在本节中,我们将介绍如何使用DeltaStreamer工具从外部数据源甚至其他Hudi表中获取新的更改,以及如何使用Hudi数据源通过upserts加速大型Spark作业。 然后可以使用各种查询引擎查询这些表。
UPSERT:这是默认操作,通过查找索引,输入记录首先被标记为插入或更新。这些记录最终在运行启发式算法后写入,以确定如何最好地将它们打包到存储上,以优化文件大小等事项。这个操作推荐用于数据库更改捕获这样的用例,因为输入几乎肯定包含更新。目标表永远不会显示重复项。
INSERT:这个操作在启发式/文件大小方面与upsert非常相似,但完全跳过了索引查找步骤。因此,对于日志重复删除之类的用例,它可能比upserts快得多(结合下面提到的过滤重复项的选项)。这也适用于表可以容忍重复,但只需要Hudi的事务性写/增量拉取/存储管理功能的用例。
BULK_INSERT: upsert和insert操作都将输入记录保存在内存中,以加快存储启发式计算(以及其他操作),因此在初始加载/引导Hudi表时可能会很麻烦。BULK_INSERT提供了与插入相同的语义,同时实现了基于排序的数据写入算法,该算法可以很好地扩展到几百tb的初始负载。然而,与像insert /upserts那样保证文件大小相比,这只是在调整文件大小方面做了最大的努力。
HoodieDeltaStreamer实用程序(hudi-utilities-bundle的一部分)提供了从不同来源(如DFS或Kafka)获取数据的方法,具有以下功能。
命令行选项更详细的描述功能如下:
[hoodie]$ spark-submit --class org.apache.hudi.utilities.deltastreamer.HoodieDeltaStreamer `ls packaging/hudi-utilities-bundle/target/hudi-utilities-bundle-*.jar` --help
Usage: <main class> [options]
Options:
--checkpoint
Resume Delta Streamer from this checkpoint.
--commit-on-errors
Commit even when some records failed to be written
Default: false
--compact-scheduling-minshare
Minshare for compaction as defined in
https://spark.apache.org/docs/latest/job-scheduling
Default: 0
--compact-scheduling-weight
Scheduling weight for compaction as defined in
https://spark.apache.org/docs/latest/job-scheduling
Default: 1
--continuous
Delta Streamer runs in continuous mode running source-fetch -> Transform
-> Hudi Write in loop
Default: false
--delta-sync-scheduling-minshare
Minshare for delta sync as defined in
https://spark.apache.org/docs/latest/job-scheduling
Default: 0
--delta-sync-scheduling-weight
Scheduling weight for delta sync as defined in
https://spark.apache.org/docs/latest/job-scheduling
Default: 1
--disable-compaction
Compaction is enabled for MoR table by default. This flag disables it
Default: false
--enable-hive-sync
Enable syncing to hive
Default: false
--filter-dupes
Should duplicate records from source be dropped/filtered out before
insert/bulk-insert
Default: false
--help, -h
--hoodie-conf
Any configuration that can be set in the properties file (using the CLI
parameter "--propsFilePath") can also be passed command line using this
parameter
Default: []
--max-pending-compactions
Maximum number of outstanding inflight/requested compactions.
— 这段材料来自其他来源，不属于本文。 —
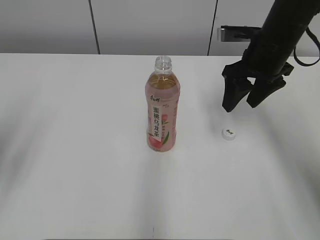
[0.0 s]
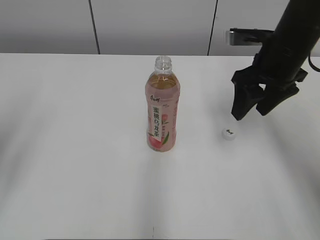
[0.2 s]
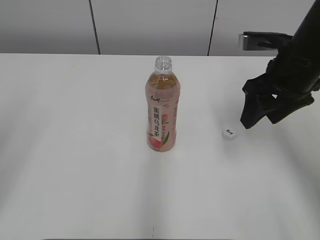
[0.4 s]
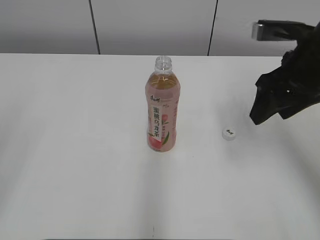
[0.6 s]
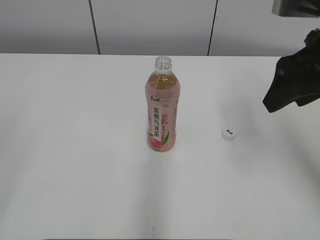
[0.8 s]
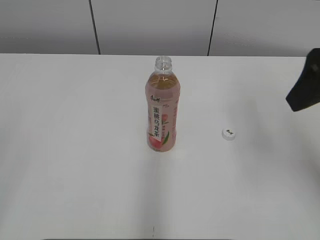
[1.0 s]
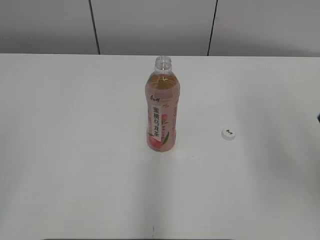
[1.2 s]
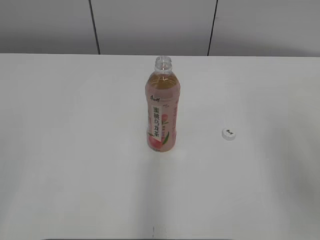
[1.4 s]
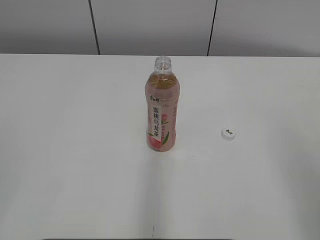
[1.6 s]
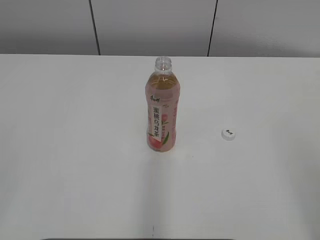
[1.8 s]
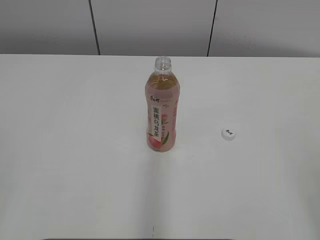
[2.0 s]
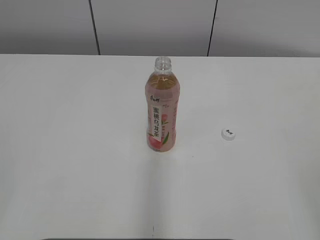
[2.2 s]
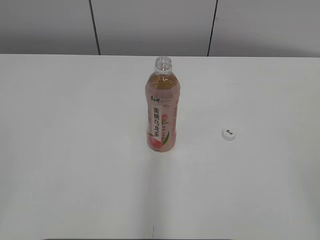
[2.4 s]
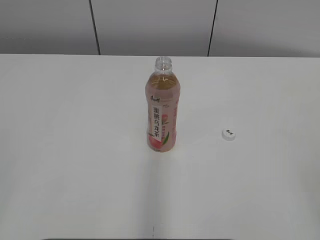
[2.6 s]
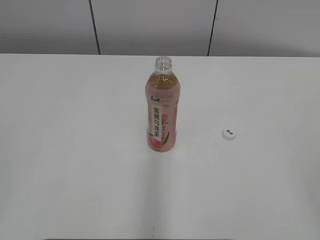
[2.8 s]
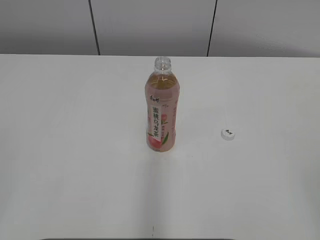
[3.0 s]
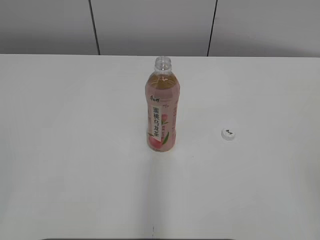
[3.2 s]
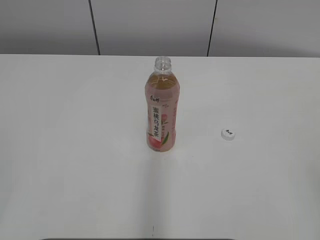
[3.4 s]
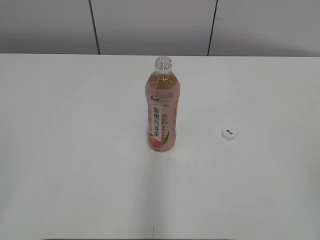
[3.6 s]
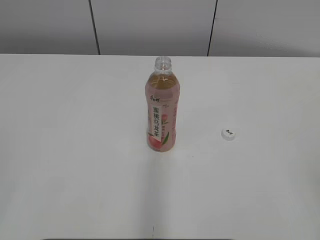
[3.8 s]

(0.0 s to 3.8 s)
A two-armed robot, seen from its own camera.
0.0 s - 1.2 s: The right gripper travels backward and upward by roughly 20 cm.
1.2 s - 2.6 s: The right gripper heads backward, covering some 20 cm.

Delta Sync
will not happen unlessoutstanding compactions is less than this number
Default: 5
--min-sync-interval-seconds
the min sync interval of each sync in continuous mode
Default: 0
--op
Takes one of these values : UPSERT (default), INSERT (use when input is
purely new data/inserts to gain speed)
Default: UPSERT
Possible Values: [UPSERT, INSERT, BULK_INSERT]
--payload-class
subclass of HoodieRecordPayload, that works off a GenericRecord.
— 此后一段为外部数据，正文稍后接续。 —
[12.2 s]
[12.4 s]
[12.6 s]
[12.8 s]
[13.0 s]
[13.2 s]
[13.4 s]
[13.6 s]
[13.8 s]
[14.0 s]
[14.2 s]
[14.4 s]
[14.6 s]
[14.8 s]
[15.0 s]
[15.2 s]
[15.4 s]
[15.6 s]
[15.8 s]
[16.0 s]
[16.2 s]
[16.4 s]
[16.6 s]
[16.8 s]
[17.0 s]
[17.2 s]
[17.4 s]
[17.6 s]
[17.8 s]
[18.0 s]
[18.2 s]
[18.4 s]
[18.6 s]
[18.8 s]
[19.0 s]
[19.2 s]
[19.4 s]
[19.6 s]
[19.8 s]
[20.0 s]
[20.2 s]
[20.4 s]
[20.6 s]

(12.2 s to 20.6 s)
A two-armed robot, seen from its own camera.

Implement your own, if you want to do something other than overwriting
existing value
Default: org.apache.hudi.common.model.OverwriteWithLatestAvroPayload
--props
path to properties file on localfs or dfs, with configurations for
hoodie client, schema provider, key generator and data source. For
hoodie client props, sane defaults are used, but recommend use to
provide basic things like metrics endpoints, hive configs etc. For
sources, referto individual classes, for supported properties.
Default: file:///Users/vinoth/bin/hoodie/src/test/resources/delta-streamer-config/dfs-source.properties
--schemaprovider-class
subclass of org.apache.hudi.utilities.schema.SchemaProvider to attach
schemas to input & target table data, built in options:
org.apache.hudi.utilities.schema.FilebasedSchemaProvider.Source (See
org.apache.hudi.utilities.sources.Source) implementation can implement
their own SchemaProvider. For Sources that return Dataset<Row>, the
schema is obtained implicitly. However, this CLI option allows
overriding the schemaprovider returned by Source.
--source-class
Subclass of org.apache.hudi.utilities.sources to read data. Built-in
options: org.apache.hudi.utilities.sources.{JsonDFSSource (default),
AvroDFSSource, JsonKafkaSource, AvroKafkaSource, HiveIncrPullSource}
Default: org.apache.hudi.utilities.sources.JsonDFSSource
--source-limit
Maximum amount of data to read from source. Default: No limit For e.g:
DFS-Source => max bytes to read, Kafka-Source => max events to read
Default: 9223372036854775807
--source-ordering-field
Field within source record to decide how to break ties between records
with same key in input data. Default: 'ts' holding unix timestamp of
record
Default: ts
--spark-master
spark master to use.
Default: local[2]
* --table-type
Type of table. COPY_ON_WRITE (or) MERGE_ON_READ
* --target-base-path
base path for the target hoodie table. (Will be created if did not exist
first time around. If exists, expected to be a hoodie table)
* --target-table
name of the target table in Hive
--transformer-class
subclass of org.apache.hudi.utilities.transform.Transformer. Allows
transforming raw source Dataset to a target Dataset (conforming to
target schema) before writing. Default : Not set. E:g -
org.apache.hudi.utilities.transform.SqlQueryBasedTransformer (which
allows a SQL query templated to be passed as a transformation function)Copy
该工具采用一个层次结构组成的属性文件,并具有用于提取数据、生成密钥和提供模式的可插拔接口。在hudi-utilities/src/test/resources/delta-streamer-config下提供了从kafka和dfs中获取数据的配置示例。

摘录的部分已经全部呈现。